▶ _What the exercise asks_
Compute how many lines in the entries below include the string "area". Only the number is wanted.

▶ _Task input_
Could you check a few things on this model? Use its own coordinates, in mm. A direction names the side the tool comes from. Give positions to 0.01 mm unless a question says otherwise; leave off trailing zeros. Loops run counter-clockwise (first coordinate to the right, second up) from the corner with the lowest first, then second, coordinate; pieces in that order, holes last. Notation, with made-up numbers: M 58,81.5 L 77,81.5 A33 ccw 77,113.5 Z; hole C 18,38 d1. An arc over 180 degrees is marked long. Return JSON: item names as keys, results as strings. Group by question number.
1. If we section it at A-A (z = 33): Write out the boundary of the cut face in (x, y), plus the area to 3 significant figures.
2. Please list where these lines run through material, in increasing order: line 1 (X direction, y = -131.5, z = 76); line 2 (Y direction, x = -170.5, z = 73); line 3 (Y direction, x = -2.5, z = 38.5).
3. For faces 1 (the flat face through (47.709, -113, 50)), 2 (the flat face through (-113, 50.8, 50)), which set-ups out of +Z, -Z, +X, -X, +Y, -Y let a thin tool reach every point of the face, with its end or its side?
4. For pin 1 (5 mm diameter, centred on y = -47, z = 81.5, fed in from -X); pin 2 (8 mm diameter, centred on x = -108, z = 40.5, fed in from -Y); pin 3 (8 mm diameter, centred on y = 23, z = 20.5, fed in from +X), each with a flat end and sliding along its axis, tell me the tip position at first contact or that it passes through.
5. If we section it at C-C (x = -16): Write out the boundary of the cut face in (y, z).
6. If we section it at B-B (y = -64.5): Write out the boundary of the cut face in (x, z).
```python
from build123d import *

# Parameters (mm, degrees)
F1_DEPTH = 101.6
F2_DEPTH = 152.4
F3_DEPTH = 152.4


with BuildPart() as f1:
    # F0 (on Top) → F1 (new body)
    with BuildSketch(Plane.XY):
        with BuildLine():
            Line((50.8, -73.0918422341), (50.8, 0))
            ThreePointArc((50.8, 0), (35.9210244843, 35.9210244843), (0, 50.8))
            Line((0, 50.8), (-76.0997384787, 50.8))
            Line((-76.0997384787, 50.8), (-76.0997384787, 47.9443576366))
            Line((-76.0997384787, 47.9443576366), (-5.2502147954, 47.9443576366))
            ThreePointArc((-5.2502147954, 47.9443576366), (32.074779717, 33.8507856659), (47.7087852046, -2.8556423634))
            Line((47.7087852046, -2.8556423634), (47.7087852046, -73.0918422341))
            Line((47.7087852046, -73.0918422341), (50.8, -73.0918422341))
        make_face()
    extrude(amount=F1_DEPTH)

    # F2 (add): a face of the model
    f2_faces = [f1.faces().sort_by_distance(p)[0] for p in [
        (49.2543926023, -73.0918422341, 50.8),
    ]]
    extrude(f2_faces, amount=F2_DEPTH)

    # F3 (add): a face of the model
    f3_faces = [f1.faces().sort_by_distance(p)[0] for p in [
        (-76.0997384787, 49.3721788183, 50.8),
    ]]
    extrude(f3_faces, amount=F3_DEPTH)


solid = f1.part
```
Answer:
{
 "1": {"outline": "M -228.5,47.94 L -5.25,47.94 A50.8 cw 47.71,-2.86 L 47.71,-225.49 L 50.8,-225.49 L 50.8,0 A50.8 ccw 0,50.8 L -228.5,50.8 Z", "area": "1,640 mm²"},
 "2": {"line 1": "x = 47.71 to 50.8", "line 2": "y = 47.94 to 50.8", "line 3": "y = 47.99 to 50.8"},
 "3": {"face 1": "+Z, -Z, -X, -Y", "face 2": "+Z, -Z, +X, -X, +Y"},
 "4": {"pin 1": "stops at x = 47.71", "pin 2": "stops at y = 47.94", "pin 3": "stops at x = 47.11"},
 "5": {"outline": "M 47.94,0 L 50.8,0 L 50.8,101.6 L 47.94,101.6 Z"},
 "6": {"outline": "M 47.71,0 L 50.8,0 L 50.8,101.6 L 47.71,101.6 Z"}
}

▶ _Finished exercise_
2